In-brief: Cisco Systems has patched a serious security hole in its Prime Home, a network management tool that it markets as a way for service providers to manage “Internet of Things” devices in connected (“smart”) homes.
Cisco Systems has patched a serious security hole in its Prime Home, a network management tool that it markets as a way for service providers to manage “Internet of Things” devices in connected (“smart”) homes.
The company on Wednesday issued an alert warning of a flaw affecting the web-based graphical interface (GUI) of Cisco Prime Home.
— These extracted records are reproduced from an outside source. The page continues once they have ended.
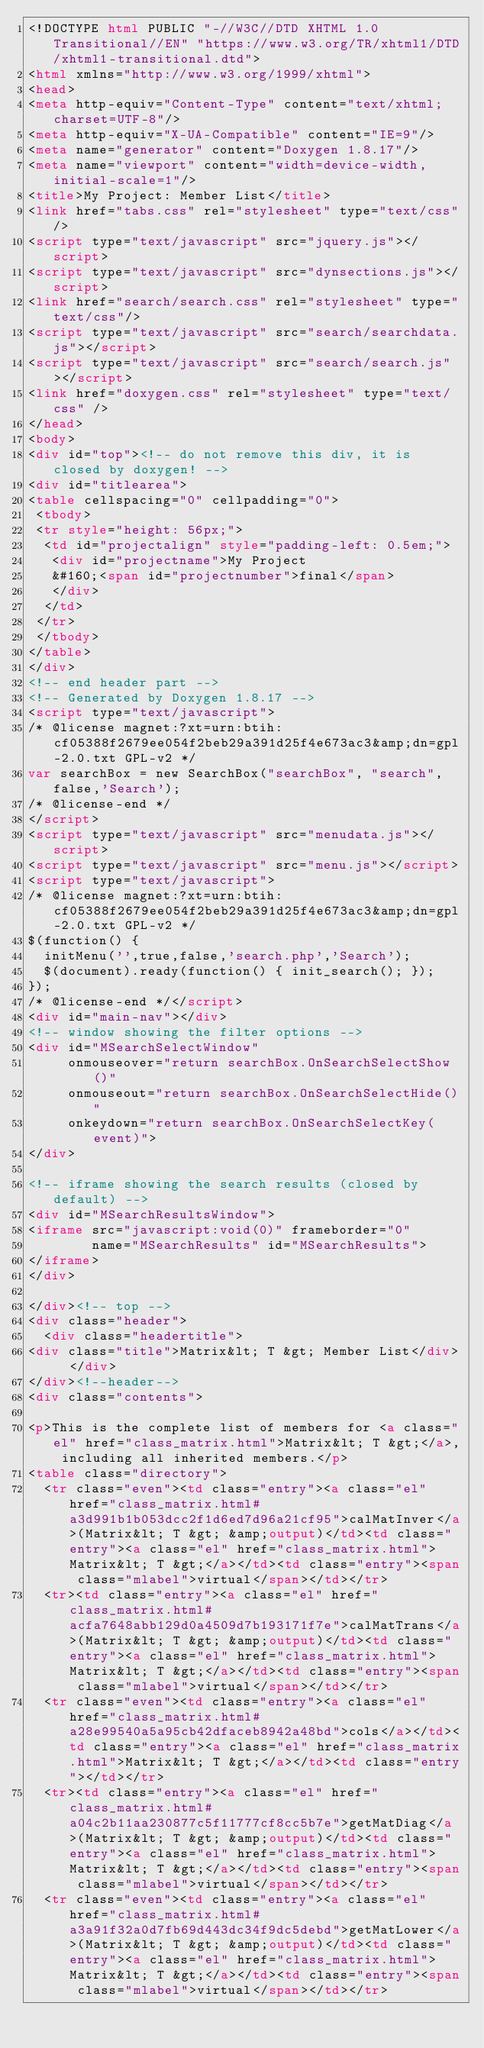<code> <loc_0><loc_0><loc_500><loc_500><_HTML_><!DOCTYPE html PUBLIC "-//W3C//DTD XHTML 1.0 Transitional//EN" "https://www.w3.org/TR/xhtml1/DTD/xhtml1-transitional.dtd">
<html xmlns="http://www.w3.org/1999/xhtml">
<head>
<meta http-equiv="Content-Type" content="text/xhtml;charset=UTF-8"/>
<meta http-equiv="X-UA-Compatible" content="IE=9"/>
<meta name="generator" content="Doxygen 1.8.17"/>
<meta name="viewport" content="width=device-width, initial-scale=1"/>
<title>My Project: Member List</title>
<link href="tabs.css" rel="stylesheet" type="text/css"/>
<script type="text/javascript" src="jquery.js"></script>
<script type="text/javascript" src="dynsections.js"></script>
<link href="search/search.css" rel="stylesheet" type="text/css"/>
<script type="text/javascript" src="search/searchdata.js"></script>
<script type="text/javascript" src="search/search.js"></script>
<link href="doxygen.css" rel="stylesheet" type="text/css" />
</head>
<body>
<div id="top"><!-- do not remove this div, it is closed by doxygen! -->
<div id="titlearea">
<table cellspacing="0" cellpadding="0">
 <tbody>
 <tr style="height: 56px;">
  <td id="projectalign" style="padding-left: 0.5em;">
   <div id="projectname">My Project
   &#160;<span id="projectnumber">final</span>
   </div>
  </td>
 </tr>
 </tbody>
</table>
</div>
<!-- end header part -->
<!-- Generated by Doxygen 1.8.17 -->
<script type="text/javascript">
/* @license magnet:?xt=urn:btih:cf05388f2679ee054f2beb29a391d25f4e673ac3&amp;dn=gpl-2.0.txt GPL-v2 */
var searchBox = new SearchBox("searchBox", "search",false,'Search');
/* @license-end */
</script>
<script type="text/javascript" src="menudata.js"></script>
<script type="text/javascript" src="menu.js"></script>
<script type="text/javascript">
/* @license magnet:?xt=urn:btih:cf05388f2679ee054f2beb29a391d25f4e673ac3&amp;dn=gpl-2.0.txt GPL-v2 */
$(function() {
  initMenu('',true,false,'search.php','Search');
  $(document).ready(function() { init_search(); });
});
/* @license-end */</script>
<div id="main-nav"></div>
<!-- window showing the filter options -->
<div id="MSearchSelectWindow"
     onmouseover="return searchBox.OnSearchSelectShow()"
     onmouseout="return searchBox.OnSearchSelectHide()"
     onkeydown="return searchBox.OnSearchSelectKey(event)">
</div>

<!-- iframe showing the search results (closed by default) -->
<div id="MSearchResultsWindow">
<iframe src="javascript:void(0)" frameborder="0" 
        name="MSearchResults" id="MSearchResults">
</iframe>
</div>

</div><!-- top -->
<div class="header">
  <div class="headertitle">
<div class="title">Matrix&lt; T &gt; Member List</div>  </div>
</div><!--header-->
<div class="contents">

<p>This is the complete list of members for <a class="el" href="class_matrix.html">Matrix&lt; T &gt;</a>, including all inherited members.</p>
<table class="directory">
  <tr class="even"><td class="entry"><a class="el" href="class_matrix.html#a3d991b1b053dcc2f1d6ed7d96a21cf95">calMatInver</a>(Matrix&lt; T &gt; &amp;output)</td><td class="entry"><a class="el" href="class_matrix.html">Matrix&lt; T &gt;</a></td><td class="entry"><span class="mlabel">virtual</span></td></tr>
  <tr><td class="entry"><a class="el" href="class_matrix.html#acfa7648abb129d0a4509d7b193171f7e">calMatTrans</a>(Matrix&lt; T &gt; &amp;output)</td><td class="entry"><a class="el" href="class_matrix.html">Matrix&lt; T &gt;</a></td><td class="entry"><span class="mlabel">virtual</span></td></tr>
  <tr class="even"><td class="entry"><a class="el" href="class_matrix.html#a28e99540a5a95cb42dfaceb8942a48bd">cols</a></td><td class="entry"><a class="el" href="class_matrix.html">Matrix&lt; T &gt;</a></td><td class="entry"></td></tr>
  <tr><td class="entry"><a class="el" href="class_matrix.html#a04c2b11aa230877c5f11777cf8cc5b7e">getMatDiag</a>(Matrix&lt; T &gt; &amp;output)</td><td class="entry"><a class="el" href="class_matrix.html">Matrix&lt; T &gt;</a></td><td class="entry"><span class="mlabel">virtual</span></td></tr>
  <tr class="even"><td class="entry"><a class="el" href="class_matrix.html#a3a91f32a0d7fb69d443dc34f9dc5debd">getMatLower</a>(Matrix&lt; T &gt; &amp;output)</td><td class="entry"><a class="el" href="class_matrix.html">Matrix&lt; T &gt;</a></td><td class="entry"><span class="mlabel">virtual</span></td></tr></code> 
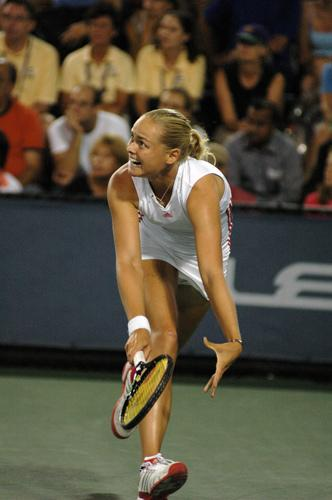What move is this female player making? Please explain your reasoning. receive. The move is to receive. 
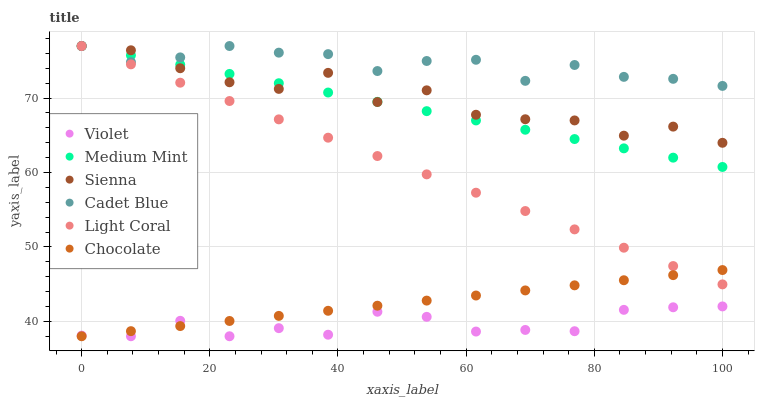Does Violet have the minimum area under the curve?
Answer yes or no. Yes. Does Cadet Blue have the maximum area under the curve?
Answer yes or no. Yes. Does Light Coral have the minimum area under the curve?
Answer yes or no. No. Does Light Coral have the maximum area under the curve?
Answer yes or no. No. Is Chocolate the smoothest?
Answer yes or no. Yes. Is Sienna the roughest?
Answer yes or no. Yes. Is Light Coral the smoothest?
Answer yes or no. No. Is Light Coral the roughest?
Answer yes or no. No. Does Chocolate have the lowest value?
Answer yes or no. Yes. Does Light Coral have the lowest value?
Answer yes or no. No. Does Sienna have the highest value?
Answer yes or no. Yes. Does Chocolate have the highest value?
Answer yes or no. No. Is Chocolate less than Sienna?
Answer yes or no. Yes. Is Cadet Blue greater than Violet?
Answer yes or no. Yes. Does Violet intersect Chocolate?
Answer yes or no. Yes. Is Violet less than Chocolate?
Answer yes or no. No. Is Violet greater than Chocolate?
Answer yes or no. No. Does Chocolate intersect Sienna?
Answer yes or no. No.

An attacker who knew the right web address to enter into her browser could use the flaw to circumvent the user authentication feature of the product, gaining administrative access to the product without a valid user name and password.
Cisco said it released a software update that addresses the vulnerability, but that no mitigations “workarounds” are available – short of patching. The flaw affects Cisco Prime Home versions 184.108.40.206 and earlier and version 220.127.116.11 and earlier. Cisco Prime Home versions 6.0 and later are not vulnerable.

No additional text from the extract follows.